[Recorded data]
────────────────────

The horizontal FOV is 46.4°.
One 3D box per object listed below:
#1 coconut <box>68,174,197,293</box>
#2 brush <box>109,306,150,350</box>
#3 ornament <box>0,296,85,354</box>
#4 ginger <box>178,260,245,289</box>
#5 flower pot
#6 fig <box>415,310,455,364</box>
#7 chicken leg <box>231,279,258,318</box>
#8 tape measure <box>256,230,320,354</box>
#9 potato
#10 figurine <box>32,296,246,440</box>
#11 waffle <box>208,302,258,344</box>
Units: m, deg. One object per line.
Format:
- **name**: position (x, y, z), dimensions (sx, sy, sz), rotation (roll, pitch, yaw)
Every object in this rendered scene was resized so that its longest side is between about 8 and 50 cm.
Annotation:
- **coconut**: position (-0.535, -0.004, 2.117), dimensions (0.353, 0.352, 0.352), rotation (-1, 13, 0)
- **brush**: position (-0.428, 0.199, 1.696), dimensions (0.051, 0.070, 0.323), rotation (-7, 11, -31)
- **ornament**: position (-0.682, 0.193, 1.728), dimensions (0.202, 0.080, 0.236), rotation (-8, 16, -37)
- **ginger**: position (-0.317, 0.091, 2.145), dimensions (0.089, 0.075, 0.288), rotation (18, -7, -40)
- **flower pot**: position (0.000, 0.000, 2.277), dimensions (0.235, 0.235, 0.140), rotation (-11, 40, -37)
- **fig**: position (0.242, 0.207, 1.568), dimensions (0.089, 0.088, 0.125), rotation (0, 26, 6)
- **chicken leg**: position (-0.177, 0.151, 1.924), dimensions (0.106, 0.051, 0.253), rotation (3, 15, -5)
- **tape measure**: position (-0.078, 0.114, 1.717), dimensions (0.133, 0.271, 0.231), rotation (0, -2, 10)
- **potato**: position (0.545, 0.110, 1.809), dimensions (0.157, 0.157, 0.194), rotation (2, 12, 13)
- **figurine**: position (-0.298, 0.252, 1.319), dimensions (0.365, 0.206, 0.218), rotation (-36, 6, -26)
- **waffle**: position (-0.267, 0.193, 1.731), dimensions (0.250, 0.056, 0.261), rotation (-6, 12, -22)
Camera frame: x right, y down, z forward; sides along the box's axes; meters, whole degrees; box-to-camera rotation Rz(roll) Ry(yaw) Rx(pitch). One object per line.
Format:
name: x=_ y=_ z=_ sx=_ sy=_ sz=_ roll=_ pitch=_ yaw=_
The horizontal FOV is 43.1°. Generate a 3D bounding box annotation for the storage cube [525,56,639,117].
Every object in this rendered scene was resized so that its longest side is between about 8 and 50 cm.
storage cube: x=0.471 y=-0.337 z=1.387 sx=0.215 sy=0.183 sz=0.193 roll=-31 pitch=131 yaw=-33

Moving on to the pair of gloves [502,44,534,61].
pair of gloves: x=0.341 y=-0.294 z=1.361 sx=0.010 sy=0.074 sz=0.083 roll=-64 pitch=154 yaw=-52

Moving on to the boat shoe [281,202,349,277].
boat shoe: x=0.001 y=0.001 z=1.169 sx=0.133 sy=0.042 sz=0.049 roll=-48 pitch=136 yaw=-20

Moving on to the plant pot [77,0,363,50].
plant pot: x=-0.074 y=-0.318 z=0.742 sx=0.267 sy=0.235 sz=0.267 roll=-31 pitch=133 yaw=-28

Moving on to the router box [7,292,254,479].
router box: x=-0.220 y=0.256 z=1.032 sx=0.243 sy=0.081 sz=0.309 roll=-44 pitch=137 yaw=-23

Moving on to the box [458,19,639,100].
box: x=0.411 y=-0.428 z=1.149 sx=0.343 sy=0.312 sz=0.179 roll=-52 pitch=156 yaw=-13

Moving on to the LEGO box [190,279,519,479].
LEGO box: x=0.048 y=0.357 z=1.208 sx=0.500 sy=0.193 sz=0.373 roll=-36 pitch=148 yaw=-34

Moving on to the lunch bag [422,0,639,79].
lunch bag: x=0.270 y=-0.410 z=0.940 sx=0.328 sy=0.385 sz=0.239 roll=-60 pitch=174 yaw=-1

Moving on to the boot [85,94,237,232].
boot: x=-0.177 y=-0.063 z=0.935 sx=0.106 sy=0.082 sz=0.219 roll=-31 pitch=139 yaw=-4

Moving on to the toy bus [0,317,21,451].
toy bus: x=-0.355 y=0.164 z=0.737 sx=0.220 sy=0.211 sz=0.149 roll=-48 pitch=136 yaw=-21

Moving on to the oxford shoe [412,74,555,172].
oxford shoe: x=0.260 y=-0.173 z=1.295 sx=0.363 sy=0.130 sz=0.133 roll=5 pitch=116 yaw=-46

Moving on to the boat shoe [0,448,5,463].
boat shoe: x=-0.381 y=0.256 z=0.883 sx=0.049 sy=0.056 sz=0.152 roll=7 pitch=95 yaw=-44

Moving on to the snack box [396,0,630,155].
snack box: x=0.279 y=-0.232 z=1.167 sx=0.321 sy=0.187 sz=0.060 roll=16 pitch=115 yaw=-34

────────────────────

__Exercise goal__:
Reproduce the final stretch of the data above: every line from the one holding "Moving on to the LEGO box [190,279,519,479]." through the end, inclusive, exactly as written and nothing else.

__Response to the exercise__:
Moving on to the LEGO box [190,279,519,479].
LEGO box: x=0.048 y=0.357 z=1.208 sx=0.500 sy=0.193 sz=0.373 roll=-36 pitch=148 yaw=-34

Moving on to the lunch bag [422,0,639,79].
lunch bag: x=0.270 y=-0.410 z=0.940 sx=0.328 sy=0.385 sz=0.239 roll=-60 pitch=174 yaw=-1

Moving on to the boot [85,94,237,232].
boot: x=-0.177 y=-0.063 z=0.935 sx=0.106 sy=0.082 sz=0.219 roll=-31 pitch=139 yaw=-4

Moving on to the toy bus [0,317,21,451].
toy bus: x=-0.355 y=0.164 z=0.737 sx=0.220 sy=0.211 sz=0.149 roll=-48 pitch=136 yaw=-21

Moving on to the oxford shoe [412,74,555,172].
oxford shoe: x=0.260 y=-0.173 z=1.295 sx=0.363 sy=0.130 sz=0.133 roll=5 pitch=116 yaw=-46

Moving on to the boat shoe [0,448,5,463].
boat shoe: x=-0.381 y=0.256 z=0.883 sx=0.049 sy=0.056 sz=0.152 roll=7 pitch=95 yaw=-44

Moving on to the snack box [396,0,630,155].
snack box: x=0.279 y=-0.232 z=1.167 sx=0.321 sy=0.187 sz=0.060 roll=16 pitch=115 yaw=-34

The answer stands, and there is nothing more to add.